━━━ SOURCE MATERIAL ━━━

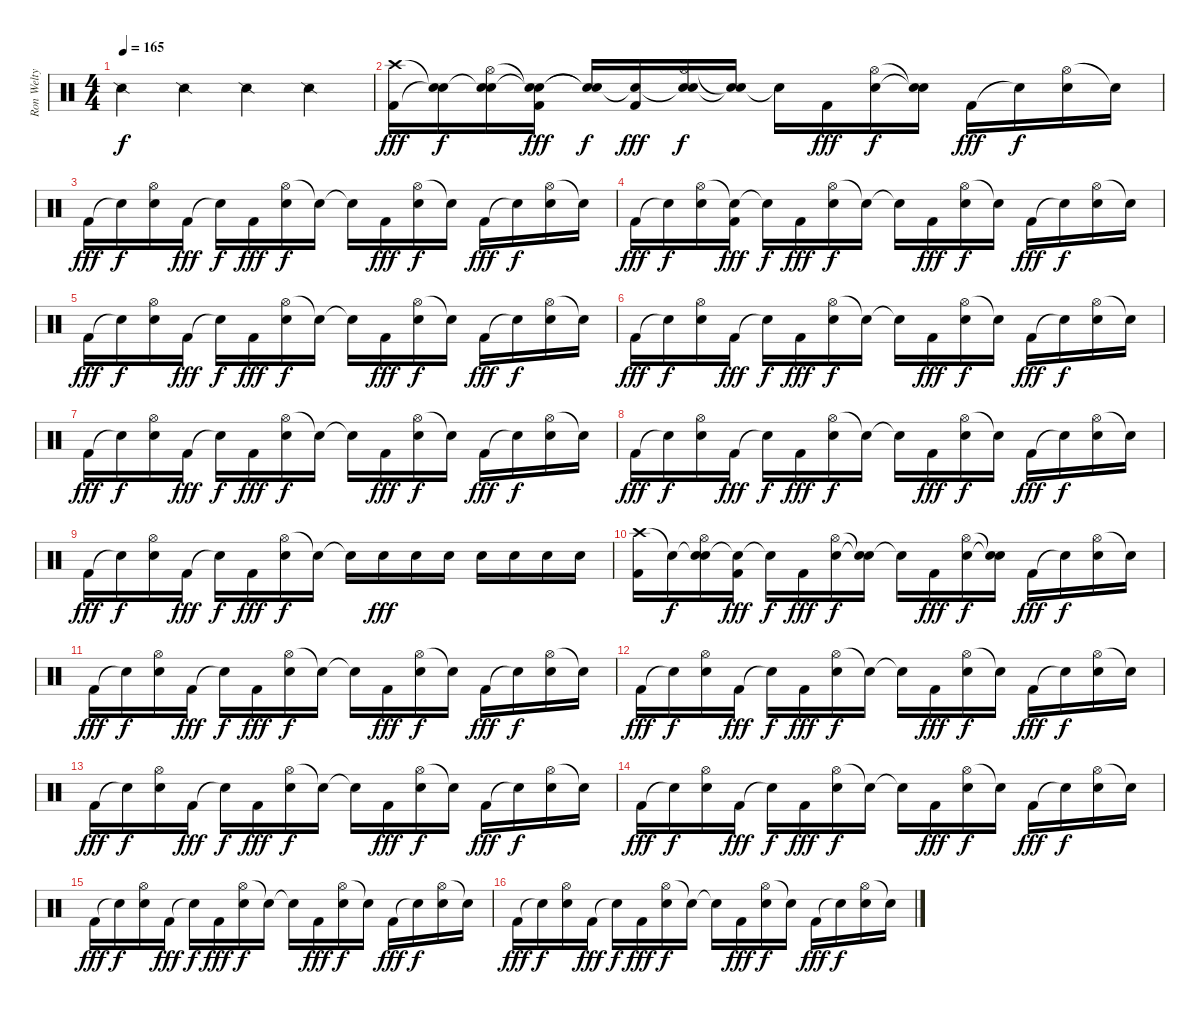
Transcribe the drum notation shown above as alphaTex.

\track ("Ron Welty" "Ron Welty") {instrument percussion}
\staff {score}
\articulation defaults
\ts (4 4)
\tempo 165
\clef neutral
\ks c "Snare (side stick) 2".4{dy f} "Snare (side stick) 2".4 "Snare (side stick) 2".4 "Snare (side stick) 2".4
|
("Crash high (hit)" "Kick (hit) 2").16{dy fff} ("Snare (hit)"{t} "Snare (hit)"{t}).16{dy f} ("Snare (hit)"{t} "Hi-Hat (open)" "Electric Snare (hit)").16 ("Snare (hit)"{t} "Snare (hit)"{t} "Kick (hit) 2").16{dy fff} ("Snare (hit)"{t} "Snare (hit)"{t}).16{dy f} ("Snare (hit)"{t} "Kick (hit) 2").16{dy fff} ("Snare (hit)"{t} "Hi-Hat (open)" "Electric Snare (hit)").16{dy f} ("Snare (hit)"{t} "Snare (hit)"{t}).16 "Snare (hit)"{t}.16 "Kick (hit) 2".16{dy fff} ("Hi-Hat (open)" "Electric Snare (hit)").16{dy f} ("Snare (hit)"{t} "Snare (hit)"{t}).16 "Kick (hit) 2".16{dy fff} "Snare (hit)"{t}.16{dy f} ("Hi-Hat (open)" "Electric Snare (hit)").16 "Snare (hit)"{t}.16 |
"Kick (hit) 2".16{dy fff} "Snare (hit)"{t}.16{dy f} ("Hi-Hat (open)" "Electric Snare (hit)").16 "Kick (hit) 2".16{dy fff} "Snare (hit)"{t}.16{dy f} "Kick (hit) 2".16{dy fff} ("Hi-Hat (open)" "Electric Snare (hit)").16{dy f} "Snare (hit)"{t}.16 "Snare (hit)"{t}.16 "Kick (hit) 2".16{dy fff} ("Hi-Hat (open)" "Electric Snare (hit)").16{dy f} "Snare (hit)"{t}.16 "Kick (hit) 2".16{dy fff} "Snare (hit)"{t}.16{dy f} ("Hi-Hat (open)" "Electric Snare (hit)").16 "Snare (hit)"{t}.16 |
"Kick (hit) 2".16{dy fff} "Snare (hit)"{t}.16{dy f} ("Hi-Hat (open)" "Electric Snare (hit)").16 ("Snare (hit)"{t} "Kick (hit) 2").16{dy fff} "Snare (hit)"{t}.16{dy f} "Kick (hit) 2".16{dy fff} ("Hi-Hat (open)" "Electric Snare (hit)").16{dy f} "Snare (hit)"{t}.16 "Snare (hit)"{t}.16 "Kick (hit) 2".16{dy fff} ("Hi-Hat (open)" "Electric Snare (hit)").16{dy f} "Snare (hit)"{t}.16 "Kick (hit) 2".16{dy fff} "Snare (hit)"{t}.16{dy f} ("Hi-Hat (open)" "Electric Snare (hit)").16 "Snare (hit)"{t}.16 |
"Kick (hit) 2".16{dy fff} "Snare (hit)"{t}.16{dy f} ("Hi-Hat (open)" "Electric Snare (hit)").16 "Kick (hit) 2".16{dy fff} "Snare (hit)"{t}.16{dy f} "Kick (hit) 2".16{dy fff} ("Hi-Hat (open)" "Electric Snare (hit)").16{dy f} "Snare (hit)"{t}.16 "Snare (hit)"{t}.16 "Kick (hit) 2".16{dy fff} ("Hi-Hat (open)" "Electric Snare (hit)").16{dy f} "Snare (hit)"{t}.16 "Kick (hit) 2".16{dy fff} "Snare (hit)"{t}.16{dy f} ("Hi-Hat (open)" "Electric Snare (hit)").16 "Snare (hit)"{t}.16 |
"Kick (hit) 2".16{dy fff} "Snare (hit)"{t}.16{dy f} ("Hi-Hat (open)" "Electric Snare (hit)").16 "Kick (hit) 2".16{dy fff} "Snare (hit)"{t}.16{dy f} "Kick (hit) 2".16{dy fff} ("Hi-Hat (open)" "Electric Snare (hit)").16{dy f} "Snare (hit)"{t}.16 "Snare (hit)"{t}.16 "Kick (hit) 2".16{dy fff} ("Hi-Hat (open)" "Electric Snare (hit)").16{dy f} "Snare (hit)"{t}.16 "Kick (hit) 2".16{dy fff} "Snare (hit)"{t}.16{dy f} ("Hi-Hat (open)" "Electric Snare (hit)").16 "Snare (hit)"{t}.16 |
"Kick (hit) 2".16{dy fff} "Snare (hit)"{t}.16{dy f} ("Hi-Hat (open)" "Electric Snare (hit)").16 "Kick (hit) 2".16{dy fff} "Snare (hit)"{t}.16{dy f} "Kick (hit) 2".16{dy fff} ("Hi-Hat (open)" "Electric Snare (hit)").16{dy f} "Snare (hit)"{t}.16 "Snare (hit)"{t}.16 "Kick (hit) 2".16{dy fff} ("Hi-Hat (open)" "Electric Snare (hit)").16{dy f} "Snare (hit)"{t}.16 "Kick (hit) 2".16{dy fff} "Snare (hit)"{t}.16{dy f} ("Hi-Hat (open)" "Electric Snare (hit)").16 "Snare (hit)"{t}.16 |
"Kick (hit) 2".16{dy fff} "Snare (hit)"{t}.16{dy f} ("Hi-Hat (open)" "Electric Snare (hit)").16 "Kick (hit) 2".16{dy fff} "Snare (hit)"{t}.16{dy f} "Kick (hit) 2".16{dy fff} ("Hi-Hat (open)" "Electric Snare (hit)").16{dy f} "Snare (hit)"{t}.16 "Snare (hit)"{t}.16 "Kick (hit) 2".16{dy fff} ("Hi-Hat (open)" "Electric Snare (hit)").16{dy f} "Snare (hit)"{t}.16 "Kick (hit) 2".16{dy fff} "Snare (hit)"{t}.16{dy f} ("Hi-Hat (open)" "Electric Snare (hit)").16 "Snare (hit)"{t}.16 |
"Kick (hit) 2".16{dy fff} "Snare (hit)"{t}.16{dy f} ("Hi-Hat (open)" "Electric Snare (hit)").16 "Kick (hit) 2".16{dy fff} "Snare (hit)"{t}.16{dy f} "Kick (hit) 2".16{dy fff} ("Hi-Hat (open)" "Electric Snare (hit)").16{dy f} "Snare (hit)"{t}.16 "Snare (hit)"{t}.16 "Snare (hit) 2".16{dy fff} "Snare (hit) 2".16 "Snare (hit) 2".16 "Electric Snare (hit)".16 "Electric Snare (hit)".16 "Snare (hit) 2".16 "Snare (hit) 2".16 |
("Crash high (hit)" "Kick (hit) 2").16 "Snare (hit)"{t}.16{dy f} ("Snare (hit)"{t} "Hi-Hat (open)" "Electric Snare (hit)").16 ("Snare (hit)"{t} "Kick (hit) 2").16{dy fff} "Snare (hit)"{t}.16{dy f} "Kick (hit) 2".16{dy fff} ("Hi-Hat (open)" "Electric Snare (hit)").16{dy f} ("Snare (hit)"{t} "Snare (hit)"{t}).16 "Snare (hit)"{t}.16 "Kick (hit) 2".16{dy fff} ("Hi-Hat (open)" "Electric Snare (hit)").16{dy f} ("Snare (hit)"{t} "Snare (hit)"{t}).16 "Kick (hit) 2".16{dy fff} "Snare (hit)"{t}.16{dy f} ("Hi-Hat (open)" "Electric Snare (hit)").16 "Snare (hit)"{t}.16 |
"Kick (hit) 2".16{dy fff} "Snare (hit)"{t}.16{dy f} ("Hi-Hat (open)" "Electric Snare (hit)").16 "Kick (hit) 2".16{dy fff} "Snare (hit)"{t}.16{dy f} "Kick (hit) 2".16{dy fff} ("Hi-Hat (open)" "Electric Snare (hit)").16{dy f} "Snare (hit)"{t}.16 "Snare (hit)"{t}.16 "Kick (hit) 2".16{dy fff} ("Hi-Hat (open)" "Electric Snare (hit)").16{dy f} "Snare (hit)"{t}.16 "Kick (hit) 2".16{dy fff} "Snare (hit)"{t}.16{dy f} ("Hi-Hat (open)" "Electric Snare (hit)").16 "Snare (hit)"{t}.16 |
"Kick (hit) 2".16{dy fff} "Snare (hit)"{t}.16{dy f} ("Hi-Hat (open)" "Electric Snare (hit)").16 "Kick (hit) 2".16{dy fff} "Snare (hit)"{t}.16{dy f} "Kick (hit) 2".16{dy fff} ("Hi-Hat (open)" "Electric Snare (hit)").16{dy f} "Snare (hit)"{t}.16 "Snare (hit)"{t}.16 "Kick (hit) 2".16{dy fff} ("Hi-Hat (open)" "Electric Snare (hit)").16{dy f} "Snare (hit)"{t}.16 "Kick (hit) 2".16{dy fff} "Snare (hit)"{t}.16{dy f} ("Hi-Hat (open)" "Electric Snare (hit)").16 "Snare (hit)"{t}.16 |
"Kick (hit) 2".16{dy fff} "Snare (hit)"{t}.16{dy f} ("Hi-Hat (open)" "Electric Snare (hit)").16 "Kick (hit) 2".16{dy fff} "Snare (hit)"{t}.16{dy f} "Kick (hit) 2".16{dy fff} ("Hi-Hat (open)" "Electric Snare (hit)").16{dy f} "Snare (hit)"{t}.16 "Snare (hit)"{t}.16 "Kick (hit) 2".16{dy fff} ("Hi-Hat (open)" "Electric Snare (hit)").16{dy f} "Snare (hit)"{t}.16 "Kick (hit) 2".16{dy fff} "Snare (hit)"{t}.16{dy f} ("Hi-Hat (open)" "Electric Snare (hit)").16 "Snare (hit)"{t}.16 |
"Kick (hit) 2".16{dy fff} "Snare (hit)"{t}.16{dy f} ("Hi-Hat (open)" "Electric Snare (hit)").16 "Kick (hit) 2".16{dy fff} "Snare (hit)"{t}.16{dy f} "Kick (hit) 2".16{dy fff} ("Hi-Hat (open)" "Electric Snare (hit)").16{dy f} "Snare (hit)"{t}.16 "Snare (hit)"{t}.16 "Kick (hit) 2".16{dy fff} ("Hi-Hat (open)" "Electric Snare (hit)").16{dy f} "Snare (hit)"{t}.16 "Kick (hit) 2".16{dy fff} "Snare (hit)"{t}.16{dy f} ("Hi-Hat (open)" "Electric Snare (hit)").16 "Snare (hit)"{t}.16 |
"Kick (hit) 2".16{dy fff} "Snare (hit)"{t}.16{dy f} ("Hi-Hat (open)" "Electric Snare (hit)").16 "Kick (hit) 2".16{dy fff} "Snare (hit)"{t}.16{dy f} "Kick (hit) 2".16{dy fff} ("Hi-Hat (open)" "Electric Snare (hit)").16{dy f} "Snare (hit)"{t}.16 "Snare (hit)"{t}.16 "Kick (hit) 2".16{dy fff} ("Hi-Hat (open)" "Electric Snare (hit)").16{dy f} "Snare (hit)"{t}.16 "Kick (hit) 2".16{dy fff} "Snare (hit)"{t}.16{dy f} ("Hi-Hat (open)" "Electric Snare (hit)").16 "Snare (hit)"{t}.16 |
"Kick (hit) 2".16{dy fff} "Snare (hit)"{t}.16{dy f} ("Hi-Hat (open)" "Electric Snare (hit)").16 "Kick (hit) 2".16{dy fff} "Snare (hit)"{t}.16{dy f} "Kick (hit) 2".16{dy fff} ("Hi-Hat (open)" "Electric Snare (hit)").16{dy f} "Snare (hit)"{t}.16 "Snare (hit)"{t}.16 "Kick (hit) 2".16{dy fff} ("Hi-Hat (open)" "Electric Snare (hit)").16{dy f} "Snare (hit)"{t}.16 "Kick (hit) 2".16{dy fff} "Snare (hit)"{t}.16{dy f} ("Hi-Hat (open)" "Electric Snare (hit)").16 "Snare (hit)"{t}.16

━━━

→ **WORK INSTRUCTION**
Considering the entries above, how many lines contain "Crash"? Give that number with nothing else.

→ **SOLVED PROBLEM**
2